銀襖に囲まれた空間で、黒尽くめの後見が動くよりも、最初から<上使のための用事をする>侍が立ち働いたほうが、ある意味では合理的かもしれません。また一方では、大仰に過ぎるという考え方もありましょうから、これはどちらがどうとはいえないものでございまして、演出方針の選択肢、どれが選ばれるかは公演ごとの主旨、意向によるわけです。

ちなみに関西演出では、いざ切腹という段になりますと、上使2人は白緒の草履を履き、刀の柄に懐紙を巻きます。これは、死穢を避けるという意味だそうですが、そういう風習が実際あったのでしょうか。
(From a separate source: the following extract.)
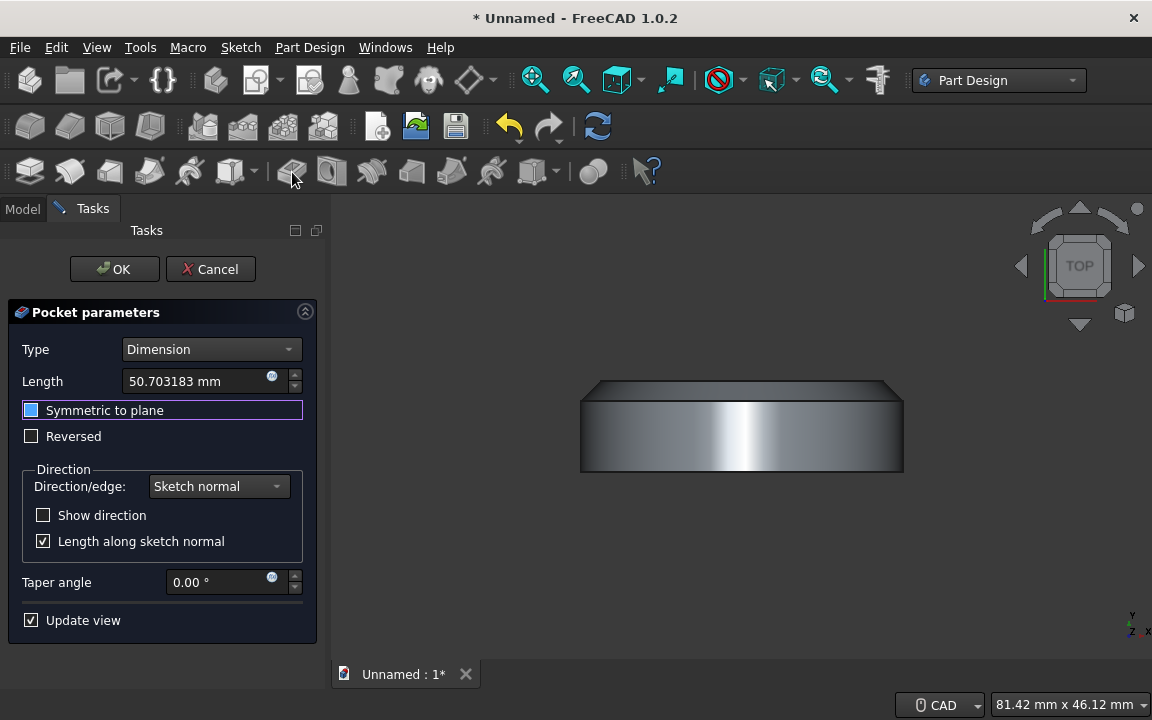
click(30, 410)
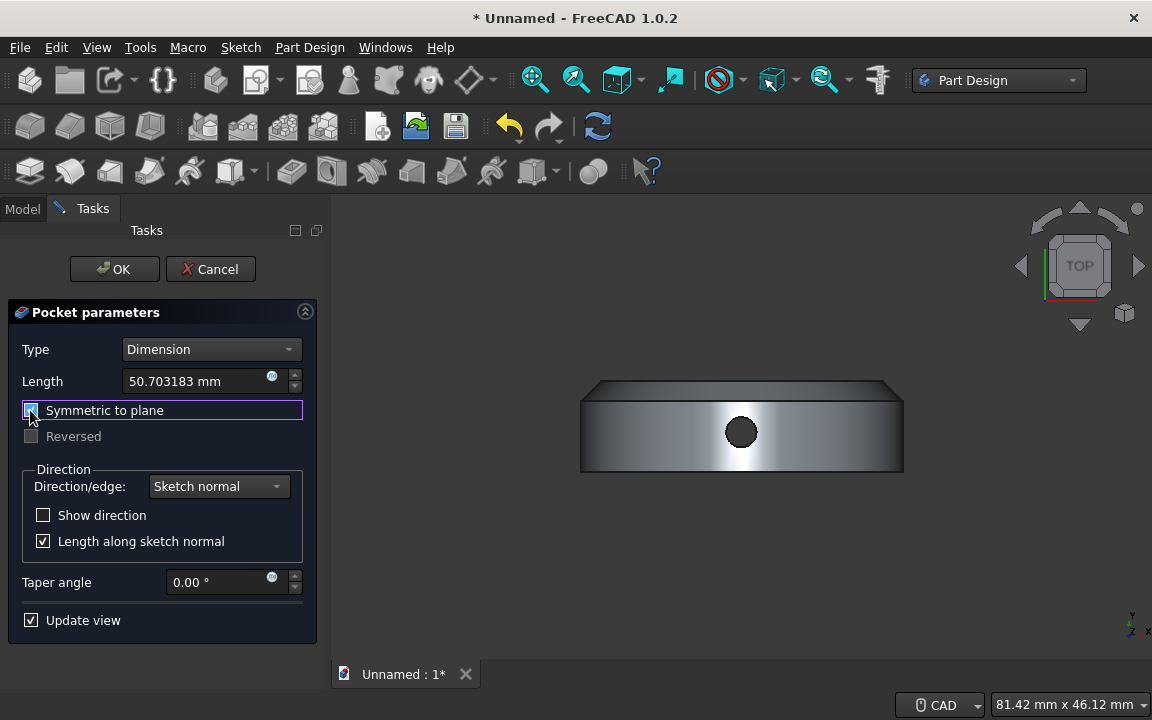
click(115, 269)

このとき使う履物、懐紙も、諸士が予め懐中しておき、履かせたり、柄に巻いたりさせることになります。
さらに関西では、石堂が退席する際、上意書を判官の亡骸にのせるときに、持っていた扇子(天地金の中十間)のカナメを壊して骨をバラバラにし、その上に上意書を置いてのせることが多いです。関東の演出では、普通にひらいた扇子にのせるだけか、扇子を使わず上意書のみ遺骸にのせることがほとんどです。

それぞれの演出に、理由があるわけですが、見た様も、うける印象もだいぶ変わることでしょう。そういう色々なやり方があるのが歌舞伎の面白さだと思います。こと『忠臣蔵』は東西の違いがはっきりしていますので、また日を改めてご紹介させて頂きますね。